- [Data shown]:
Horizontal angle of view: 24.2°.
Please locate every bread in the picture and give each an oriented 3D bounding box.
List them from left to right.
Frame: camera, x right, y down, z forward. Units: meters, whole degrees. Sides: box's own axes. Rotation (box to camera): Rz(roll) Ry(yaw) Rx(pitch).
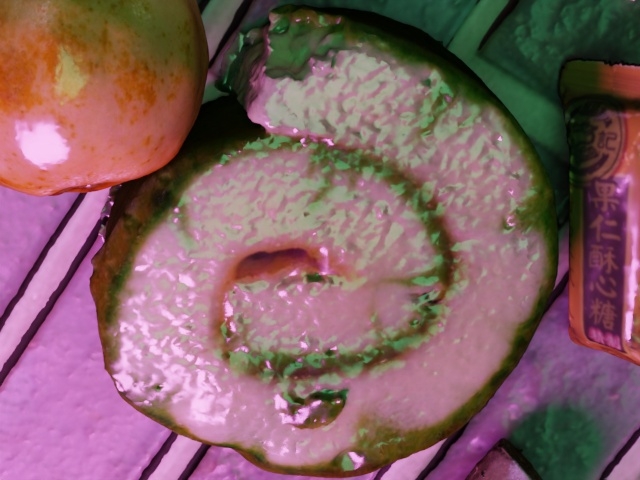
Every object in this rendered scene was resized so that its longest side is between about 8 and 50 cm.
[{"bbox_3d":[0.000,0.000,1.179,0.366,0.129,0.382,-8,111,-4],"label":"bread"}]

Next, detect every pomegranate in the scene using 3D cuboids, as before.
[{"bbox_3d":[-0.179,-0.128,1.066,0.207,0.207,0.207,-2,111,-6],"label":"pomegranate"}]

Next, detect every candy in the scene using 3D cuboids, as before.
[{"bbox_3d":[0.251,-0.020,1.210,0.101,0.143,0.271,-26,120,-36],"label":"candy"}]

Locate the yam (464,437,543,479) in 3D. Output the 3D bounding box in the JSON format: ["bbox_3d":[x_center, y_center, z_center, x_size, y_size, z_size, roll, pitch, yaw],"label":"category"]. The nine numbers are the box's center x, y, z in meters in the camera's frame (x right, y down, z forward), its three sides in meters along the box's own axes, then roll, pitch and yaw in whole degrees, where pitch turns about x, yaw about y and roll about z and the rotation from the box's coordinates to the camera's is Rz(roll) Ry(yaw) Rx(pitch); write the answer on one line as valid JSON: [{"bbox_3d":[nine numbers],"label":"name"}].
[{"bbox_3d":[0.142,0.272,1.319,0.107,0.107,0.183,31,103,-17],"label":"yam"}]
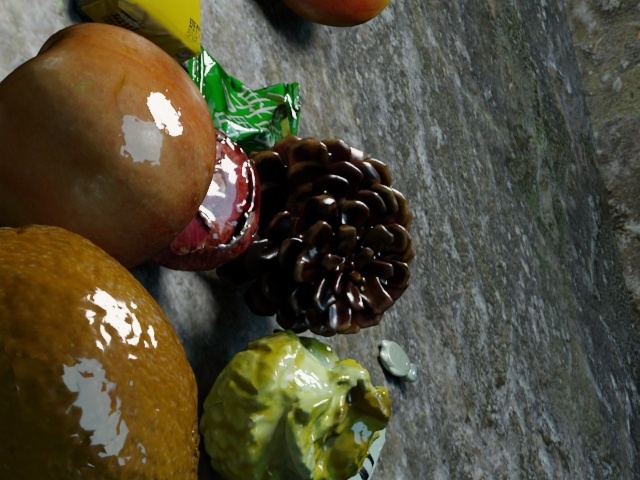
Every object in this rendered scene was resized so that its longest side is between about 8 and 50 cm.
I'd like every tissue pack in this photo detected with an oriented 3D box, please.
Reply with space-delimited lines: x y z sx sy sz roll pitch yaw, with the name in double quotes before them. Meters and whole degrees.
"tissue pack" -0.213 -0.293 1.863 0.169 0.082 0.120 37 44 -53

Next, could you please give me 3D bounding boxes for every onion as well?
"onion" -0.159 -0.042 1.776 0.184 0.147 0.184 12 59 -20

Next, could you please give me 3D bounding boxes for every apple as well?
"apple" -0.226 -0.096 1.537 0.253 0.253 0.253 44 38 -47

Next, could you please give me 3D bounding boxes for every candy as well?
"candy" -0.102 -0.158 2.025 0.203 0.078 0.141 19 46 -47

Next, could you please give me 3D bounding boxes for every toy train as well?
"toy train" 0.052 0.287 2.097 0.043 0.047 0.207 64 27 -22

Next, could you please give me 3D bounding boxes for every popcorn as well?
"popcorn" -0.036 0.204 1.795 0.221 0.184 0.204 -2 116 -55

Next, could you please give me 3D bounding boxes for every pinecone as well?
"pinecone" -0.003 0.001 1.861 0.246 0.246 0.292 63 -6 -21

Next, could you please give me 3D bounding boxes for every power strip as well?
"power strip" 0.111 0.182 2.319 0.083 0.035 0.055 40 38 -29

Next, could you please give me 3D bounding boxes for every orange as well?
"orange" -0.253 0.167 1.225 0.322 0.322 0.357 -1 85 -65

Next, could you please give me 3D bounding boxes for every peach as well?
"peach" 0.014 -0.426 2.273 0.231 0.231 0.231 44 38 -47

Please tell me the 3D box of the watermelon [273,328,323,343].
"watermelon" -0.021 0.166 1.957 0.109 0.109 0.109 44 38 -47
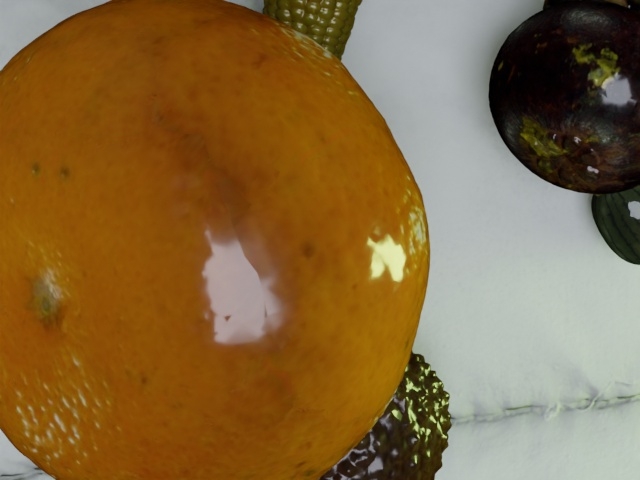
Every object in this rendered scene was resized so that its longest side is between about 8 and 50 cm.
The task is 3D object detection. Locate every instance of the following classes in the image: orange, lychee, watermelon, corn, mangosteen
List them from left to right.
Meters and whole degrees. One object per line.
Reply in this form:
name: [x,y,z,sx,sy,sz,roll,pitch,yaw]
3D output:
orange: [-0.105,0.015,0.822,0.424,0.326,0.423,11,111,31]
corn: [0.001,-0.249,0.899,0.097,0.097,0.261,11,110,-9]
lychee: [0.027,0.205,0.998,0.200,0.200,0.238,20,110,-12]
mangosteen: [0.262,-0.154,0.923,0.192,0.192,0.217,36,69,-15]
watermelon: [0.320,-0.023,1.013,0.078,0.078,0.110,-29,110,3]
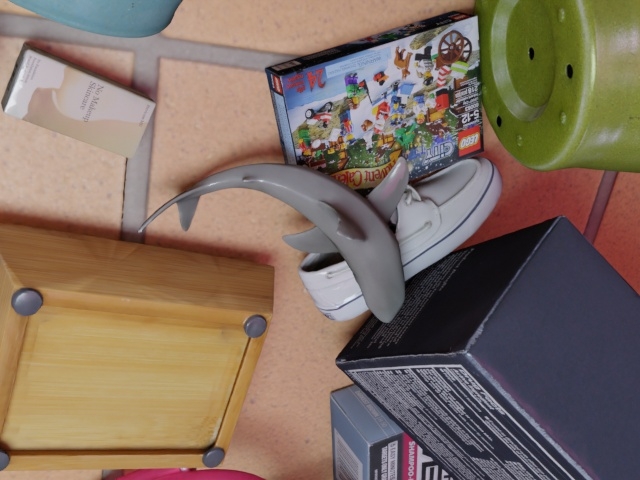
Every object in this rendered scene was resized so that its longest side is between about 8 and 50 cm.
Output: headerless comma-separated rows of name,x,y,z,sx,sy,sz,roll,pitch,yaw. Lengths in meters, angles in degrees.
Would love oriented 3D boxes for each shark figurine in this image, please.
shark figurine,-0.014,-0.024,0.658,0.278,0.116,0.166,23,108,-12

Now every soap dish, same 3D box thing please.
soap dish,-0.197,0.117,0.676,0.290,0.118,0.229,10,108,-31

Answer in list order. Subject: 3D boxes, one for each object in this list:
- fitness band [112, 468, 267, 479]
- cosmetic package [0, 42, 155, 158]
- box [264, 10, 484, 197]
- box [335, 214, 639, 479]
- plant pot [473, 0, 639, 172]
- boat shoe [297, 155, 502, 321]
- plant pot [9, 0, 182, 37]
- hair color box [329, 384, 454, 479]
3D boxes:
fitness band,-0.170,0.349,0.787,0.290,0.054,0.209,-25,120,9
cosmetic package,-0.211,-0.120,0.601,0.115,0.041,0.060,18,103,-33
box,0.068,-0.138,0.741,0.233,0.044,0.159,-22,121,-17
box,0.220,0.159,0.727,0.296,0.294,0.183,45,69,-7
plant pot,0.362,-0.218,0.700,0.352,0.366,0.367,-11,119,-10
boat shoe,0.090,-0.022,0.784,0.267,0.096,0.088,-36,125,-2
plant pot,-0.132,-0.287,0.435,0.271,0.272,0.255,15,127,-33
hair color box,0.204,0.259,0.963,0.374,0.113,0.185,-15,120,-22
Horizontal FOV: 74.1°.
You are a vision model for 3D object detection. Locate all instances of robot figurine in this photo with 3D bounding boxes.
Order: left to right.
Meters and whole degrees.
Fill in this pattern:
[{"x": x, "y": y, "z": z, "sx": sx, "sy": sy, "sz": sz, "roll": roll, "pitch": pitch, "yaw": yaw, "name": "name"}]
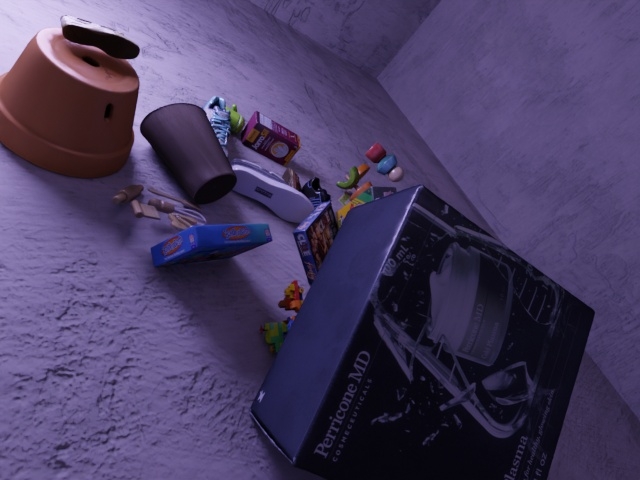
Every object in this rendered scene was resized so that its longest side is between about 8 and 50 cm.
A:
[{"x": -0.310, "y": -0.413, "z": 1.450, "sx": 0.115, "sy": 0.067, "sz": 0.101, "roll": 25, "pitch": 63, "yaw": -30, "name": "robot figurine"}]

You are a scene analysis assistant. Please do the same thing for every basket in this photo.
[{"x": -0.330, "y": -0.223, "z": 1.122, "sx": 0.227, "sy": 0.154, "sz": 0.204, "roll": 56, "pitch": 32, "yaw": 12, "name": "basket"}]

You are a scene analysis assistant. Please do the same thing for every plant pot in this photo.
[{"x": -0.533, "y": -0.312, "z": 0.925, "sx": 0.290, "sy": 0.203, "sz": 0.291, "roll": 30, "pitch": 32, "yaw": -22, "name": "plant pot"}]

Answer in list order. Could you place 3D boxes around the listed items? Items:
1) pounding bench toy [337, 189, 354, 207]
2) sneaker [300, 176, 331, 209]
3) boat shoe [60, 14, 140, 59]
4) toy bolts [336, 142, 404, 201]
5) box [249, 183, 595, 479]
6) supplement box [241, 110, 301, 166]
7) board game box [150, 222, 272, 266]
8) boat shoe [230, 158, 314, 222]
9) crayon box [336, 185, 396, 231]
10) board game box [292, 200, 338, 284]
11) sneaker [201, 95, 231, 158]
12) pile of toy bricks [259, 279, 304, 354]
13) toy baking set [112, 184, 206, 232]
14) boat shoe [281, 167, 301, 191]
[{"x": 0.122, "y": -0.153, "z": 1.671, "sx": 0.083, "sy": 0.052, "sz": 0.065, "roll": 47, "pitch": 30, "yaw": 5, "name": "pounding bench toy"}, {"x": 0.004, "y": -0.112, "z": 1.441, "sx": 0.081, "sy": 0.090, "sz": 0.232, "roll": 1, "pitch": 51, "yaw": -50, "name": "sneaker"}, {"x": -0.464, "y": -0.433, "z": 0.901, "sx": 0.152, "sy": 0.056, "sz": 0.048, "roll": -1, "pitch": 57, "yaw": -41, "name": "boat shoe"}, {"x": 0.208, "y": -0.238, "z": 1.614, "sx": 0.158, "sy": 0.228, "sz": 0.218, "roll": 47, "pitch": 22, "yaw": 6, "name": "toy bolts"}, {"x": 0.199, "y": 0.234, "z": 0.827, "sx": 0.471, "sy": 0.297, "sz": 0.480, "roll": 31, "pitch": 74, "yaw": -15, "name": "box"}, {"x": -0.176, "y": -0.360, "z": 1.512, "sx": 0.188, "sy": 0.104, "sz": 0.081, "roll": 23, "pitch": 37, "yaw": -31, "name": "supplement box"}, {"x": -0.235, "y": 0.008, "z": 0.934, "sx": 0.210, "sy": 0.160, "sz": 0.047, "roll": -4, "pitch": 77, "yaw": -53, "name": "board game box"}, {"x": -0.148, "y": -0.157, "z": 1.309, "sx": 0.301, "sy": 0.108, "sz": 0.102, "roll": 24, "pitch": 35, "yaw": -21, "name": "boat shoe"}, {"x": 0.126, "y": -0.016, "z": 1.260, "sx": 0.081, "sy": 0.318, "sz": 0.203, "roll": -2, "pitch": 78, "yaw": -19, "name": "crayon box"}, {"x": 0.000, "y": 0.000, "z": 1.268, "sx": 0.243, "sy": 0.042, "sz": 0.165, "roll": -54, "pitch": 131, "yaw": -59, "name": "board game box"}, {"x": -0.325, "y": -0.341, "z": 1.289, "sx": 0.110, "sy": 0.122, "sz": 0.283, "roll": 17, "pitch": 40, "yaw": -38, "name": "sneaker"}, {"x": -0.084, "y": 0.207, "z": 0.960, "sx": 0.104, "sy": 0.118, "sz": 0.213, "roll": -2, "pitch": 66, "yaw": -16, "name": "pile of toy bricks"}, {"x": -0.357, "y": -0.070, "z": 0.970, "sx": 0.196, "sy": 0.030, "sz": 0.256, "roll": 29, "pitch": 11, "yaw": -17, "name": "toy baking set"}, {"x": -0.091, "y": -0.182, "z": 1.437, "sx": 0.060, "sy": 0.064, "sz": 0.178, "roll": 27, "pitch": 31, "yaw": -26, "name": "boat shoe"}]
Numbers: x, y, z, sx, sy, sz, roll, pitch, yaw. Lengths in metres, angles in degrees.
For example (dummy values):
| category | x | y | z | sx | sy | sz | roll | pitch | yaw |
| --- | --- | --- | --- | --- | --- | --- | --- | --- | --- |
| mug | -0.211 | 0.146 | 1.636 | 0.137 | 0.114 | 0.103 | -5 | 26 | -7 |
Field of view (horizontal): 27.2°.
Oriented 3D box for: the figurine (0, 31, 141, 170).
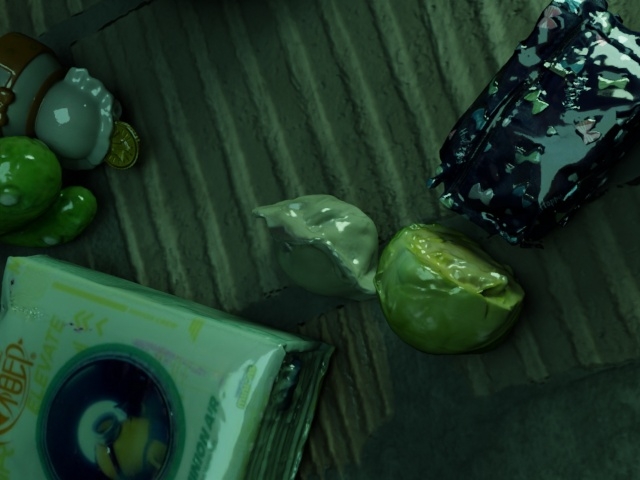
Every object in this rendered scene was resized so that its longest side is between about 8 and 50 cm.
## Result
| category | x | y | z | sx | sy | sz | roll | pitch | yaw |
| --- | --- | --- | --- | --- | --- | --- | --- | --- | --- |
| figurine | -0.342 | -0.165 | 1.634 | 0.271 | 0.143 | 0.143 | 35 | 101 | 25 |

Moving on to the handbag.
| category | x | y | z | sx | sy | sz | roll | pitch | yaw |
| --- | --- | --- | --- | --- | --- | --- | --- | --- | --- |
| handbag | 0.233 | -0.120 | 1.345 | 0.162 | 0.113 | 0.260 | 41 | 103 | 20 |

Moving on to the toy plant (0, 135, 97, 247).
| category | x | y | z | sx | sy | sz | roll | pitch | yaw |
| --- | --- | --- | --- | --- | --- | --- | --- | --- | --- |
| toy plant | -0.447 | -0.047 | 1.644 | 0.316 | 0.224 | 0.184 | -21 | 43 | 24 |

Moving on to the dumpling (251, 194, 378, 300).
| category | x | y | z | sx | sy | sz | roll | pitch | yaw |
| --- | --- | --- | --- | --- | --- | --- | --- | --- | --- |
| dumpling | 0.000 | 0.000 | 1.447 | 0.188 | 0.127 | 0.108 | 39 | 90 | 28 |

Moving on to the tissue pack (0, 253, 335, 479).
| category | x | y | z | sx | sy | sz | roll | pitch | yaw |
| --- | --- | --- | --- | --- | --- | --- | --- | --- | --- |
| tissue pack | -0.211 | 0.198 | 1.519 | 0.388 | 0.162 | 0.287 | 16 | 89 | 28 |

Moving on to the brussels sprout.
| category | x | y | z | sx | sy | sz | roll | pitch | yaw |
| --- | --- | --- | --- | --- | --- | --- | --- | --- | --- |
| brussels sprout | 0.125 | 0.063 | 1.369 | 0.151 | 0.149 | 0.122 | 41 | 121 | 40 |
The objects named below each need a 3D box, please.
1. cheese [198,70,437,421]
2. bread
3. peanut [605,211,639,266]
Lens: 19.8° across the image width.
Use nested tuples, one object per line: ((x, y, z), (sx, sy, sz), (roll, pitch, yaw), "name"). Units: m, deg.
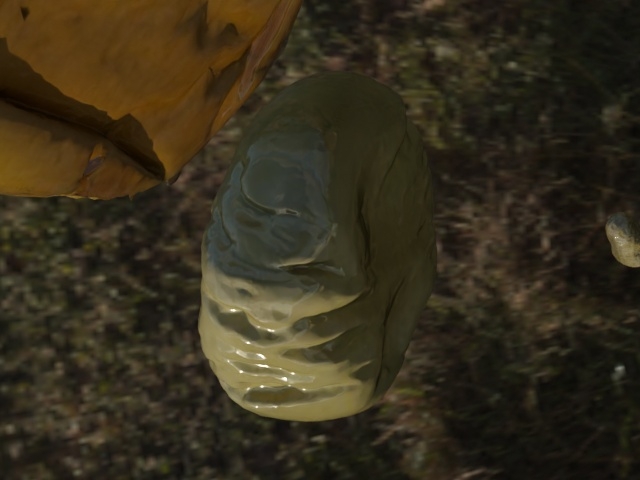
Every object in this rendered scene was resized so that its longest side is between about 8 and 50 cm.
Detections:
((0.000, 0.000, 1.204), (0.117, 0.226, 0.214), (10, 142, 19), "cheese")
((-0.136, -0.128, 0.711), (0.156, 0.288, 0.204), (36, 109, 24), "bread")
((0.295, 0.001, 1.762), (0.037, 0.083, 0.037), (-9, 64, 19), "peanut")

- [What you are asked to do]: Give back, exactly as written, the stretch from the line with "10) board game box [292, 200, 338, 284]" through the line with "13) toy baking set [112, 184, 206, 232]", and no other lines from the records above.

- [Task result]:
10) board game box [292, 200, 338, 284]
11) sneaker [201, 95, 231, 158]
12) pile of toy bricks [259, 279, 304, 354]
13) toy baking set [112, 184, 206, 232]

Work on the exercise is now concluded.